In a recent report, Moody’s has underscored the increasing physical climate risk and its implications for the insurance and reinsurance industries.
The report highlights that the rising frequency and severity of destructive weather events are driving up underwriting risk, adding a layer of complexity to risk management strategies.
One of the key findings of the report is that reinsurers are shifting more risk back to insurers to manage earnings volatility.
Reinsurers have taken steps to reduce their exposure to more frequent but individually less costly weather events, such as convective storms, flooding, and wildfires.
This shift has led primary insurers to retain more risk while adjusting pricing, modifying terms and conditions, or shedding business in regions where risk-adjusted returns cannot be met.
The data also reveals that primary insurers have retained a higher proportion of risk relative to their gross exposure since 2019. In contrast, many reinsurers have reduced their exposure to higher frequency risks, with some maintaining existing exposure.
This difference in risk retention has been particularly pronounced in lower return periods, partly due to limited retrocession capacity, which has constrained reinsurers’ ability to reduce their retained exposure significantly.
To address these challenges, (re)insurers are increasingly turning to sophisticated data, modeling, and risk mitigation strategies. Some companies are incorporating the potential impacts of climate change into their strategic planning and stress testing.

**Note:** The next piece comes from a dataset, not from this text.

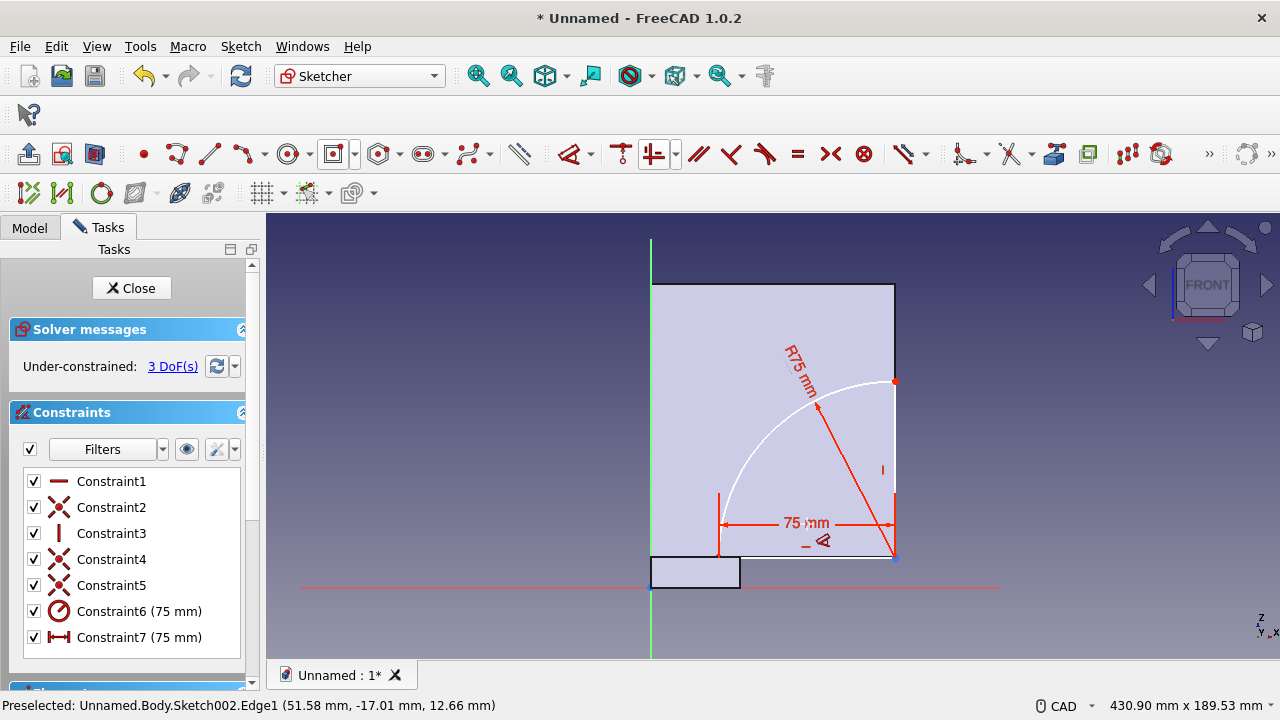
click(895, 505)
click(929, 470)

Enhanced modeling based on higher quality data and catastrophe models that factor in climate change scenarios are expected to play a pivotal role in managing climate risk.

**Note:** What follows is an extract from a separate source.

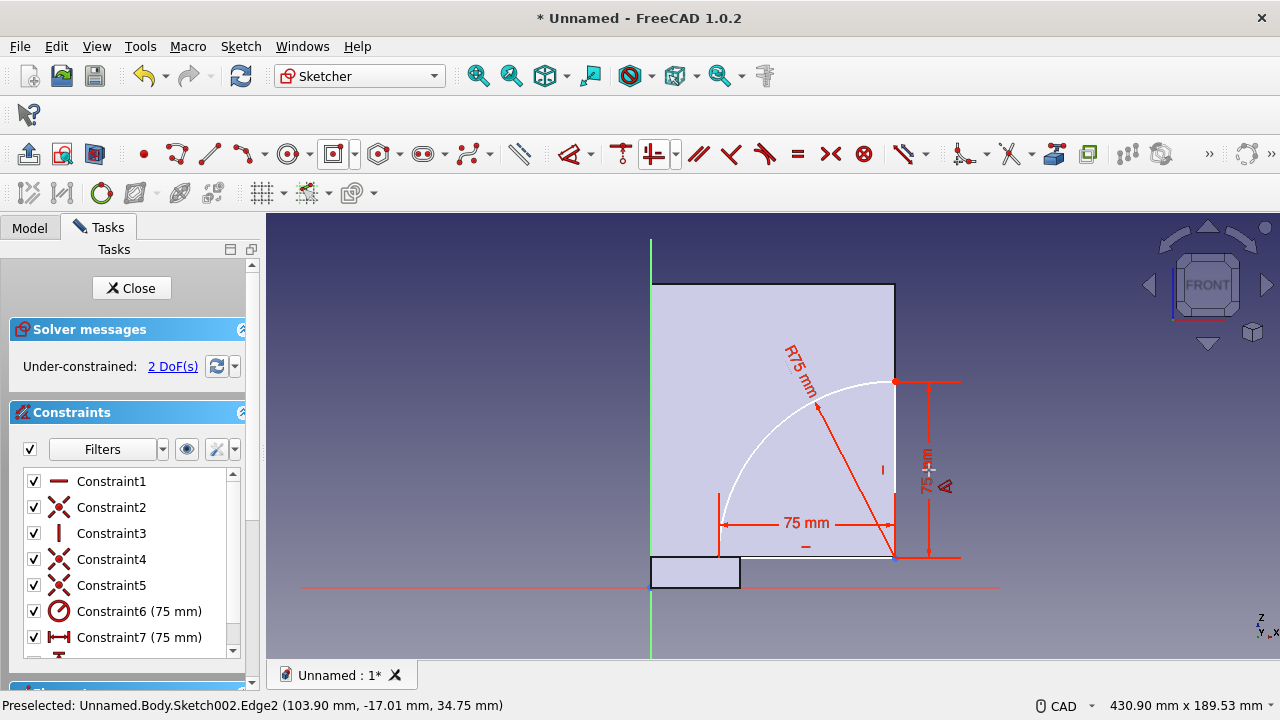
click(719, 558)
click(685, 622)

The report also suggests that shifting market dynamics may prompt increased governmental risk-sharing initiatives. A new equilibrium between risk and reward will likely necessitate collaboration between reinsurers, primary insurers, governments, corporations, and individuals to assess climate risk more effectively and develop robust adaptation and mitigation strategies.
This collaborative effort may involve a mix of public-private partnerships and government-sponsored insurance facilities to ensure that sufficient risk transfer capacity is available in high-risk areas.